Other financial assets
In respect of its other financial assets, the Company assesses if the credit risk on those financial assets has increased significantly since initial recognition. If the credit risk has not increased significantly since initial recognition, the Company measures the loss allowance at an amount equal to 12-month expected credit losses, else at an amount equal to the lifetime expected credit losses.
When making this assessment, the Company uses the change in the risk of a default occurring over the expected life of the financial asset. To make that assessment, the Company compares the risk of a default occurring on the financial asset as at the balance sheet date with the risk of a default occurring on the financial asset as at the date of initial recognition and considers reasonable and supportable information, that is available without undue cost or effort, that is indicative of significant increases in credit risk since initial recognition. The Company assumes that the credit risk on a financial asset has not increased significantly since initial recognition if the financial asset is determined to have low credit risk at the balance sheet date.
e. Write-offs
Financial assets are written off either partially or in their entirety to the extent that there is no realistic prospect of recovery. Any subsequent recoveries are credited to impairment on financial instrument on statement of profit and loss.
ii) Financial Liabilities
a. Initial recognition and measurement
The Company’s financial liabilities include trade and other payables, loans and borrowings including bank overdrafts, financial guarantee contracts and derivative financial instruments.
Financial liabilities are classified, at initial recognition, as at fair value through profit and loss or as those measured at amortized cost.
b. Subsequent measurement
The subsequent measurement of financial liabilities depends on their classification as follows:
i. Financial liabilities at fair value through profit and loss
Financial liabilities at fair value through profit and loss include financial liabilities held for trading. The Company has not designated any financial liabilities upon initial recognition at fair value through profit and loss.

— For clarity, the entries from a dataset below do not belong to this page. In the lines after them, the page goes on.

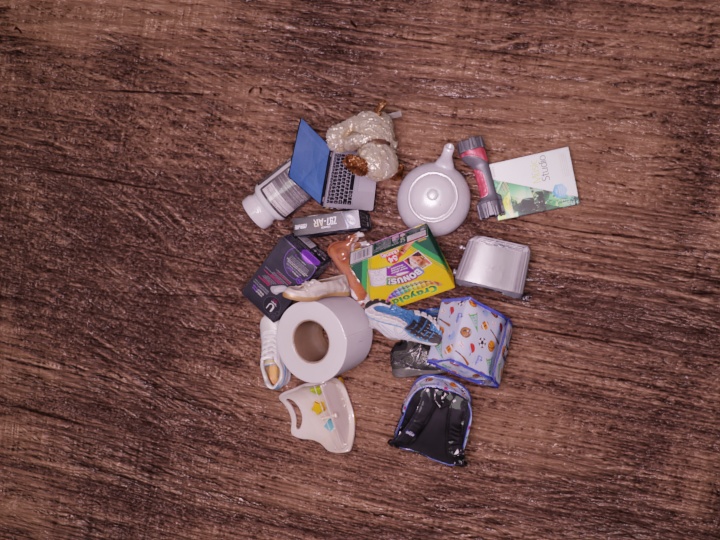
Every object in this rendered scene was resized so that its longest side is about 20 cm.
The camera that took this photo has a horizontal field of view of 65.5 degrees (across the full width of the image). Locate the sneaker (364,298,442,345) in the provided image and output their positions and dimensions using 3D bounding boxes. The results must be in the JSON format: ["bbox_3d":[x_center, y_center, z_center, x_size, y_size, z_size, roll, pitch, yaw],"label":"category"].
[{"bbox_3d":[0.103,0.138,1.340,0.200,0.075,0.087,23,137,25],"label":"sneaker"}]

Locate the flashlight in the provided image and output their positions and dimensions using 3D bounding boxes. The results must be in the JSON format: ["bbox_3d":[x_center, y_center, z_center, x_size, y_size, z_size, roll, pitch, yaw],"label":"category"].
[{"bbox_3d":[0.290,-0.223,1.368,0.068,0.068,0.200,-10,86,-33],"label":"flashlight"}]

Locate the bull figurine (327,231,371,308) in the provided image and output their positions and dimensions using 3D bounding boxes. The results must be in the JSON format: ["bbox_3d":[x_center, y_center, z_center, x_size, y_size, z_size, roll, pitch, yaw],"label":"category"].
[{"bbox_3d":[0.000,0.000,1.443,0.121,0.065,0.200,-34,92,2],"label":"bull figurine"}]

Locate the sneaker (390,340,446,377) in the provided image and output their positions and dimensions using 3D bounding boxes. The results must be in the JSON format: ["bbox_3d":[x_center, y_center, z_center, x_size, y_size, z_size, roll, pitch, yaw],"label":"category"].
[{"bbox_3d":[0.169,0.202,1.416,0.199,0.076,0.114,-9,98,14],"label":"sneaker"}]

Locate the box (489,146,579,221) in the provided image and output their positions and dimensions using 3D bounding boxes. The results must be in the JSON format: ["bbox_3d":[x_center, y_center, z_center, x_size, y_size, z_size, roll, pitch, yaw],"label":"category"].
[{"bbox_3d":[0.423,-0.212,1.383,0.200,0.036,0.145,-12,90,11],"label":"box"}]

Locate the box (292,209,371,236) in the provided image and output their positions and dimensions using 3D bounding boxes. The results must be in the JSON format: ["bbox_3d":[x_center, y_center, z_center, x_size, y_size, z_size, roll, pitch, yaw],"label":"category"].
[{"bbox_3d":[-0.064,-0.114,1.381,0.160,0.200,0.044,-7,91,8],"label":"box"}]

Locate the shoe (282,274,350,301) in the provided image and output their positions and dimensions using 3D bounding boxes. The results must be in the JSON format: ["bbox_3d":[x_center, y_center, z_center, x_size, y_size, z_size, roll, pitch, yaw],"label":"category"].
[{"bbox_3d":[-0.105,0.040,1.358,0.070,0.200,0.053,13,101,43],"label":"shoe"}]

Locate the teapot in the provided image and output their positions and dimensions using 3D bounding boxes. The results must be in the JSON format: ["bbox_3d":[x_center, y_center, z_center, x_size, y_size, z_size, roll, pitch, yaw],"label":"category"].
[{"bbox_3d":[0.176,-0.171,1.368,0.197,0.146,0.200,-26,89,9],"label":"teapot"}]

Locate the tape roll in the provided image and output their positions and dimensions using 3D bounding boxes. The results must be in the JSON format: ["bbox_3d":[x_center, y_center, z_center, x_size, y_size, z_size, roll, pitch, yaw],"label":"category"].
[{"bbox_3d":[-0.089,0.165,1.398,0.202,0.139,0.203,3,96,27],"label":"tape roll"}]

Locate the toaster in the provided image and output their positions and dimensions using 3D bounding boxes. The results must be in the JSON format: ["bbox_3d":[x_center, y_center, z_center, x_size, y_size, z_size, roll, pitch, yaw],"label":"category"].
[{"bbox_3d":[0.331,-0.007,1.366,0.200,0.114,0.129,14,92,10],"label":"toaster"}]

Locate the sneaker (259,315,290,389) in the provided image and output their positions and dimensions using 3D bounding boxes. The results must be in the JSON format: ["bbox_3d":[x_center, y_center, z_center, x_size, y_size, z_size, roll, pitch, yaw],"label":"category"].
[{"bbox_3d":[-0.228,0.213,1.478,0.076,0.081,0.200,-10,89,11],"label":"sneaker"}]

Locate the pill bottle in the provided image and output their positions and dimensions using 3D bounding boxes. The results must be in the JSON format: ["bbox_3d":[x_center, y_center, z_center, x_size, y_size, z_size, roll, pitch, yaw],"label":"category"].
[{"bbox_3d":[-0.197,-0.203,1.441,0.200,0.116,0.116,-36,86,10],"label":"pill bottle"}]

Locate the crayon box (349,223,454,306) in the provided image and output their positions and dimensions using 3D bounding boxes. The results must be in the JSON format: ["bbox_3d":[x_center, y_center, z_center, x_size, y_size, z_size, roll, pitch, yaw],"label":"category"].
[{"bbox_3d":[0.100,-0.001,1.335,0.200,0.058,0.173,-20,126,18],"label":"crayon box"}]

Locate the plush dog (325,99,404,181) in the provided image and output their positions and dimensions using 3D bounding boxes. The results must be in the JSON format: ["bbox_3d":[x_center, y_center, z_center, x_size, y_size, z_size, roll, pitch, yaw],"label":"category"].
[{"bbox_3d":[0.037,-0.291,1.336,0.200,0.160,0.172,2,67,-31],"label":"plush dog"}]

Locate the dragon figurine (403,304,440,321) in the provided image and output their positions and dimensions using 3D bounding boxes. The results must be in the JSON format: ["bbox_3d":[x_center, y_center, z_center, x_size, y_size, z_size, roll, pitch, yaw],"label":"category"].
[{"bbox_3d":[0.184,0.120,1.400,0.200,0.099,0.059,0,92,9],"label":"dragon figurine"}]

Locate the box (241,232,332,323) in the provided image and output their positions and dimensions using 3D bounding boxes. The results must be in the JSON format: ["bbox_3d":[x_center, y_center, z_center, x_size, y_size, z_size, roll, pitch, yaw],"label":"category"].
[{"bbox_3d":[-0.188,0.015,1.433,0.122,0.106,0.200,42,111,6],"label":"box"}]

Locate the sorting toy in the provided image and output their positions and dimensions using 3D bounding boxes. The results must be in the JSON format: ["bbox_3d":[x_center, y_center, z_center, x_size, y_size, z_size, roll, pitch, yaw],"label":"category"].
[{"bbox_3d":[-0.121,0.368,1.464,0.180,0.107,0.200,-13,101,22],"label":"sorting toy"}]

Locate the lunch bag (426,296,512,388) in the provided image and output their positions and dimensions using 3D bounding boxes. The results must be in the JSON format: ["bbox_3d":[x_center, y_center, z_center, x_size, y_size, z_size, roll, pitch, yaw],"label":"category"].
[{"bbox_3d":[0.281,0.175,1.341,0.200,0.124,0.170,29,70,-30],"label":"lunch bag"}]

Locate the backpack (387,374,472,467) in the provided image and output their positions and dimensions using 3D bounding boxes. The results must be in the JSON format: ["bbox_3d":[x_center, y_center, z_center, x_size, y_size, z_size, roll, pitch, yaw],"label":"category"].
[{"bbox_3d":[0.188,0.355,1.377,0.200,0.154,0.191,16,112,1],"label":"backpack"}]

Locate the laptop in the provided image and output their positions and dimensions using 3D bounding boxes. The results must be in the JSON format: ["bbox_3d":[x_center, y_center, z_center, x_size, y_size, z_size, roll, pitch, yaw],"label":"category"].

ii. Financial liabilities measured at amortized cost
After initial recognition, interest bearing loans and borrowings are subsequently measured at amortized cost using the effective interest rate method except for those designated in an effective hedging relationship.

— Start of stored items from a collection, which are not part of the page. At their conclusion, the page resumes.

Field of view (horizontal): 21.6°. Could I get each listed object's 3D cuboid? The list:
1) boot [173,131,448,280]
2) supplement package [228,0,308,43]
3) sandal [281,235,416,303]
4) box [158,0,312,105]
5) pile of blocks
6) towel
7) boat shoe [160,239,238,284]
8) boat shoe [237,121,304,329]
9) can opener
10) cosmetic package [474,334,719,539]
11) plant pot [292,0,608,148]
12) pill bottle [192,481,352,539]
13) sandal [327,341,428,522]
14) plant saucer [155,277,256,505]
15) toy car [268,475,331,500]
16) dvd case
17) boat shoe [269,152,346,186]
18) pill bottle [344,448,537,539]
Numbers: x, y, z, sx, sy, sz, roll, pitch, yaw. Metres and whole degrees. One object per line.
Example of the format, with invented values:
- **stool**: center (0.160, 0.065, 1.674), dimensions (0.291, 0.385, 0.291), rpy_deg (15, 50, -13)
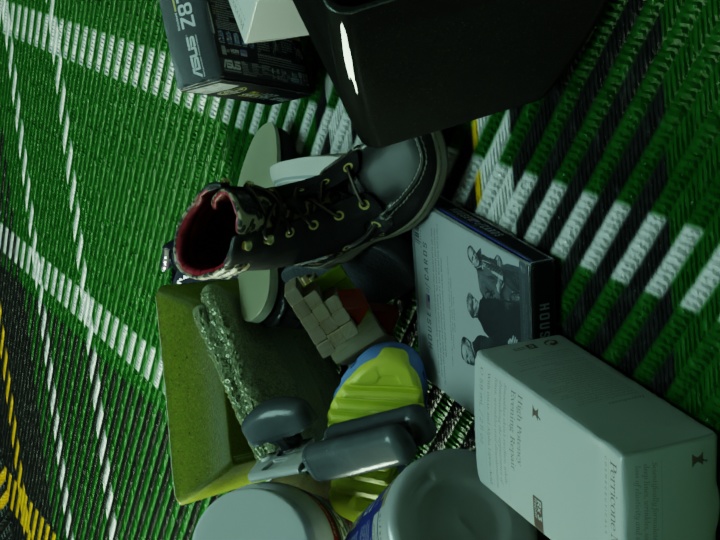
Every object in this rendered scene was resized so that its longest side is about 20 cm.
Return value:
- **boot**: center (-0.039, -0.050, 1.421), dimensions (0.200, 0.150, 0.074), rpy_deg (-32, 72, 48)
- **supplement package**: center (-0.035, -0.286, 1.439), dimensions (0.200, 0.119, 0.122), rpy_deg (113, 142, -55)
- **sandal**: center (0.001, 0.000, 1.579), dimensions (0.076, 0.043, 0.200), rpy_deg (44, 154, -17)
- **box**: center (-0.111, -0.228, 1.602), dimensions (0.200, 0.049, 0.162), rpy_deg (-7, -95, -70)
- **pile of blocks**: center (-0.007, 0.032, 1.518), dimensions (0.082, 0.062, 0.200), rpy_deg (60, -176, 15)
- **towel**: center (-0.066, 0.102, 1.684), dimensions (0.036, 0.148, 0.201), rpy_deg (-45, 51, 28)
- **boat shoe**: center (-0.139, -0.023, 1.862), dimensions (0.200, 0.092, 0.075), rpy_deg (125, 131, -62)
- **boat shoe**: center (-0.073, -0.040, 1.719), dimensions (0.074, 0.063, 0.203), rpy_deg (-38, 47, 48)
- **can opener**: center (-0.027, 0.126, 1.459), dimensions (0.199, 0.053, 0.067), rpy_deg (-19, 106, 50)
- **cosmetic package**: center (0.149, 0.122, 1.225), dimensions (0.200, 0.074, 0.102), rpy_deg (-145, 48, -63)
- **plant pot**: center (0.041, -0.197, 1.208), dimensions (0.178, 0.199, 0.200), rpy_deg (91, 158, -54)
- **pill bottle**: center (-0.069, 0.234, 1.560), dimensions (0.200, 0.113, 0.115), rpy_deg (50, -156, -76)
- **sandal**: center (0.015, 0.121, 1.543), dimensions (0.201, 0.079, 0.087), rpy_deg (103, -177, -48)
- **plant saucer**: center (-0.113, 0.108, 1.785), dimensions (0.048, 0.200, 0.201), rpy_deg (-5, 90, 27)
- **toy car**: center (-0.070, 0.226, 1.752), dimensions (0.164, 0.157, 0.202), rpy_deg (61, -143, -76)
- **dvd case**: center (0.090, 0.037, 1.400), dimensions (0.200, 0.025, 0.151), rpy_deg (-143, 47, -62)
- **boat shoe**: center (-0.017, -0.064, 1.579), dimensions (0.200, 0.072, 0.069), rpy_deg (1, 98, 59)
- **pill bottle**: center (0.049, 0.223, 1.457), dimensions (0.200, 0.119, 0.120), rpy_deg (125, 131, -61)

r) Current and non-current classification:
The Company presents assets and liabilities in statement of financial position based on current/non- current classification.

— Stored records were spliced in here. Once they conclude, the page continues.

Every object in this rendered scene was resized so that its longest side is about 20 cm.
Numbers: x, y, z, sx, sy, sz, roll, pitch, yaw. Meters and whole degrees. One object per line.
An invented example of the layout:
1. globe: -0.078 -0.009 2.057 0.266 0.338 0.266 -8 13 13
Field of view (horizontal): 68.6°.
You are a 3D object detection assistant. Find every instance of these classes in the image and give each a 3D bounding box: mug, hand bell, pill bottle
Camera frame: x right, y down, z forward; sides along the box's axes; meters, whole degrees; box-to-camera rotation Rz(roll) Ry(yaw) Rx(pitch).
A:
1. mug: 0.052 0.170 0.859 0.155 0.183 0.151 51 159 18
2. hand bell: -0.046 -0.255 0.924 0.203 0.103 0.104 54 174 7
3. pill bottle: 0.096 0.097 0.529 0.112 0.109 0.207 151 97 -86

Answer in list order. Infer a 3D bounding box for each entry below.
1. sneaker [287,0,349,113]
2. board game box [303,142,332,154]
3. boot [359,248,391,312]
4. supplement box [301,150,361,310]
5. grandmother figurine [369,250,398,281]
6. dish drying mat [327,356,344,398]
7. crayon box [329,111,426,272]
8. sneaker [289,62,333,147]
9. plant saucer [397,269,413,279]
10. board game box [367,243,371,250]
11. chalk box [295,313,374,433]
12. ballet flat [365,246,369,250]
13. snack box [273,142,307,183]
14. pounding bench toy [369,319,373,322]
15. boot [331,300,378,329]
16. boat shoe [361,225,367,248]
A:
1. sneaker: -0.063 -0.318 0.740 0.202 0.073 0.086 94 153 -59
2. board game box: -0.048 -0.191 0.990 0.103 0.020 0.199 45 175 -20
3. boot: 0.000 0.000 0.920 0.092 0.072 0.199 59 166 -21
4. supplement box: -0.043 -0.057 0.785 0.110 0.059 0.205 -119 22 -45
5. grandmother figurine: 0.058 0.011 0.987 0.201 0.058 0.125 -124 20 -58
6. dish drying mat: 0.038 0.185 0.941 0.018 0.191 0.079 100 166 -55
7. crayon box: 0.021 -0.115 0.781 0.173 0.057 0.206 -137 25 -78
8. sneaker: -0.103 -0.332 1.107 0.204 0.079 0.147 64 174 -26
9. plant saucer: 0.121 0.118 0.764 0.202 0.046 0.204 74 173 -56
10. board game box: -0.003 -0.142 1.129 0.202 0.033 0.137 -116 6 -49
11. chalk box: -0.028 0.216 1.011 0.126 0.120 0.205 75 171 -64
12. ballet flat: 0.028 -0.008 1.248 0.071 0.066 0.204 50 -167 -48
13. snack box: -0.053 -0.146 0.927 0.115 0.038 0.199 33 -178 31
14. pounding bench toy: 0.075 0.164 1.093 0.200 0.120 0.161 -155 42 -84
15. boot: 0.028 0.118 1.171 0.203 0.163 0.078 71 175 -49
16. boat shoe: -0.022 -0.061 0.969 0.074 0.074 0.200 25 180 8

The Company has presented non-current assets and current assets before equity, non-current liabilities and current liabilities in accordance with Schedule III, Division II of Companies Act, 2013 notified by MCA.
An asset is classified as current when it is:
a) Expected to be realized or intended to be sold or consumed in normal operating cycle,
b) Held primarily for the purpose of trading & manufacturing.
c) Expected to be realized within twelve months after the reporting period, or
d) Cash or cash equivalent unless restricted from being exchanged or used to settle a liability for at least twelve months after the reporting period.
All other assets are classified as non-current.
A liability is classified as current when it is:
a) Expected to be settled in normal operating cycle,
b) Held primarily for the purpose of trading, & manufacturing.
c) Due to be settled within twelve months after the reporting period, or
d) There is no unconditional right to defer the settlement of the liability for at least twelve months after the reporting period.
All other liabilities are classified as non-current.
The operating cycle is the time between the acquisition of assets for processing and their realization in cash or cash equivalents. Deferred tax assets and liabilities are classified as non-current assets and liabilities. The Company has identified twelve months as its normal operating cycle.